### Exercise
Transcribe each entry shown below with no difference from the original.

Material supplied section start

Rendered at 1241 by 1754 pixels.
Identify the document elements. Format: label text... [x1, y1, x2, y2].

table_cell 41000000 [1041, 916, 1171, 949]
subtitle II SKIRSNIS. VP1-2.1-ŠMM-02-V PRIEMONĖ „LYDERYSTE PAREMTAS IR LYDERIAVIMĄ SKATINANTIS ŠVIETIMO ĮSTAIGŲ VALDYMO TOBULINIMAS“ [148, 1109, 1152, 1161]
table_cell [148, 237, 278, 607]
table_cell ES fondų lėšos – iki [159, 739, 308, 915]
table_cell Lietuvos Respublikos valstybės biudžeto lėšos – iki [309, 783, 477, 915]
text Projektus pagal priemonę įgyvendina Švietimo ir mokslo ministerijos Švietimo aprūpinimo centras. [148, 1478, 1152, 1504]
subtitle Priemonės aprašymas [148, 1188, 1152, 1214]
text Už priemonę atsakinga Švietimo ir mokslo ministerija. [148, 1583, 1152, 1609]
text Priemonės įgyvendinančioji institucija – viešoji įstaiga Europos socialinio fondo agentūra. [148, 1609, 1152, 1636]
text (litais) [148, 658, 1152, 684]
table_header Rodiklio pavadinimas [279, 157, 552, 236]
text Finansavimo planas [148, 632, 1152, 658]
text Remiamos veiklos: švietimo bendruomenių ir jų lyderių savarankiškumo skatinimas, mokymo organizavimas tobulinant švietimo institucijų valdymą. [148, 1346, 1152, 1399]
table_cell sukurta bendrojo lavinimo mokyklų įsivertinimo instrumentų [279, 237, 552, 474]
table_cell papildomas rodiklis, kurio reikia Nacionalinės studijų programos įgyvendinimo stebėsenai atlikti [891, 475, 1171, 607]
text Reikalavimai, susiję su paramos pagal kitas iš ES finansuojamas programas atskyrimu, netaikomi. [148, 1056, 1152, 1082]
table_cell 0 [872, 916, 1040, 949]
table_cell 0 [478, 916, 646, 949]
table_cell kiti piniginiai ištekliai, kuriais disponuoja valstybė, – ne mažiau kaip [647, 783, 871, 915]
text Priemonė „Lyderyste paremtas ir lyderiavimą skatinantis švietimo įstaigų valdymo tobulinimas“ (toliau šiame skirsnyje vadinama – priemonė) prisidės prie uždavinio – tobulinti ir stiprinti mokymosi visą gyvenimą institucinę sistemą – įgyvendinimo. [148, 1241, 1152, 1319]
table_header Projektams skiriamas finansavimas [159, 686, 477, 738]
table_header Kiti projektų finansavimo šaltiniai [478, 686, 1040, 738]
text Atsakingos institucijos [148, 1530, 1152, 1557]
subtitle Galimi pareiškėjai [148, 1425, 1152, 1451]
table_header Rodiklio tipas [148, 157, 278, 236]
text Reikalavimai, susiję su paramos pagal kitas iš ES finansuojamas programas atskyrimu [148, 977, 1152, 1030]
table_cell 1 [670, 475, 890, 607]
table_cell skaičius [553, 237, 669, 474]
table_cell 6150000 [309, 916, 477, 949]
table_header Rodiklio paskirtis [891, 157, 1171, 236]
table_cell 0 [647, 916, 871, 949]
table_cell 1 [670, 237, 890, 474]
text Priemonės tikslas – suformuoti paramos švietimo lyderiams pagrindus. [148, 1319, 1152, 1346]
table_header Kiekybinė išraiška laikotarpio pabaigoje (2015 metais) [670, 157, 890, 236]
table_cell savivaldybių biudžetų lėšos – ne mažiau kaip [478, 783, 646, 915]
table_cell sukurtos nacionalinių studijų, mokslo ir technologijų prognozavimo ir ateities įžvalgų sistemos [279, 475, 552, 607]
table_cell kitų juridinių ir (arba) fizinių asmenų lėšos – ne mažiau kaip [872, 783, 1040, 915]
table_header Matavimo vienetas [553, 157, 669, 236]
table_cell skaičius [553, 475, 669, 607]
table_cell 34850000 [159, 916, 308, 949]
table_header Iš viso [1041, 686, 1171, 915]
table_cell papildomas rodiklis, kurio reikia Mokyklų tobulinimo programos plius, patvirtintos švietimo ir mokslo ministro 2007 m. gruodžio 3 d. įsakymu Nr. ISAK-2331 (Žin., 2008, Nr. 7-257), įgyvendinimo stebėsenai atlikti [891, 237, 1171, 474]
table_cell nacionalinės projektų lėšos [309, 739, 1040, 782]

Material supplied section end

### Exercise result
Rendered at 1241 by 1754 pixels.
Identify the document elements. Format: label text... [x1, y1, x2, y2].

table_cell 41000000 [1041, 916, 1171, 949]
subtitle II SKIRSNIS. VP1-2.1-ŠMM-02-V PRIEMONĖ „LYDERYSTE PAREMTAS IR LYDERIAVIMĄ SKATINANTIS ŠVIETIMO ĮSTAIGŲ VALDYMO TOBULINIMAS“ [148, 1109, 1152, 1161]
table_cell [148, 237, 278, 607]
table_cell ES fondų lėšos – iki [159, 739, 308, 915]
table_cell Lietuvos Respublikos valstybės biudžeto lėšos – iki [309, 783, 477, 915]
text Projektus pagal priemonę įgyvendina Švietimo ir mokslo ministerijos Švietimo aprūpinimo centras. [148, 1478, 1152, 1504]
subtitle Priemonės aprašymas [148, 1188, 1152, 1214]
text Už priemonę atsakinga Švietimo ir mokslo ministerija. [148, 1583, 1152, 1609]
text Priemonės įgyvendinančioji institucija – viešoji įstaiga Europos socialinio fondo agentūra. [148, 1609, 1152, 1636]
text (litais) [148, 658, 1152, 684]
table_header Rodiklio pavadinimas [279, 157, 552, 236]
text Finansavimo planas [148, 632, 1152, 658]
text Remiamos veiklos: švietimo bendruomenių ir jų lyderių savarankiškumo skatinimas, mokymo organizavimas tobulinant švietimo institucijų valdymą. [148, 1346, 1152, 1399]
table_cell sukurta bendrojo lavinimo mokyklų įsivertinimo instrumentų [279, 237, 552, 474]
table_cell papildomas rodiklis, kurio reikia Nacionalinės studijų programos įgyvendinimo stebėsenai atlikti [891, 475, 1171, 607]
text Reikalavimai, susiję su paramos pagal kitas iš ES finansuojamas programas atskyrimu, netaikomi. [148, 1056, 1152, 1082]
table_cell 0 [872, 916, 1040, 949]
table_cell 0 [478, 916, 646, 949]
table_cell kiti piniginiai ištekliai, kuriais disponuoja valstybė, – ne mažiau kaip [647, 783, 871, 915]
text Priemonė „Lyderyste paremtas ir lyderiavimą skatinantis švietimo įstaigų valdymo tobulinimas“ (toliau šiame skirsnyje vadinama – priemonė) prisidės prie uždavinio – tobulinti ir stiprinti mokymosi visą gyvenimą institucinę sistemą – įgyvendinimo. [148, 1241, 1152, 1319]
table_header Projektams skiriamas finansavimas [159, 686, 477, 738]
table_header Kiti projektų finansavimo šaltiniai [478, 686, 1040, 738]
text Atsakingos institucijos [148, 1530, 1152, 1557]
subtitle Galimi pareiškėjai [148, 1425, 1152, 1451]
table_header Rodiklio tipas [148, 157, 278, 236]
text Reikalavimai, susiję su paramos pagal kitas iš ES finansuojamas programas atskyrimu [148, 977, 1152, 1030]
table_cell 1 [670, 475, 890, 607]
table_cell skaičius [553, 237, 669, 474]
table_cell 6150000 [309, 916, 477, 949]
table_header Rodiklio paskirtis [891, 157, 1171, 236]
table_cell 0 [647, 916, 871, 949]
table_cell 1 [670, 237, 890, 474]
text Priemonės tikslas – suformuoti paramos švietimo lyderiams pagrindus. [148, 1319, 1152, 1346]
table_header Kiekybinė išraiška laikotarpio pabaigoje (2015 metais) [670, 157, 890, 236]
table_cell savivaldybių biudžetų lėšos – ne mažiau kaip [478, 783, 646, 915]
table_cell sukurtos nacionalinių studijų, mokslo ir technologijų prognozavimo ir ateities įžvalgų sistemos [279, 475, 552, 607]
table_cell kitų juridinių ir (arba) fizinių asmenų lėšos – ne mažiau kaip [872, 783, 1040, 915]
table_header Matavimo vienetas [553, 157, 669, 236]
table_cell skaičius [553, 475, 669, 607]
table_cell 34850000 [159, 916, 308, 949]
table_header Iš viso [1041, 686, 1171, 915]
table_cell papildomas rodiklis, kurio reikia Mokyklų tobulinimo programos plius, patvirtintos švietimo ir mokslo ministro 2007 m. gruodžio 3 d. įsakymu Nr. ISAK-2331 (Žin., 2008, Nr. 7-257), įgyvendinimo stebėsenai atlikti [891, 237, 1171, 474]
table_cell nacionalinės projektų lėšos [309, 739, 1040, 782]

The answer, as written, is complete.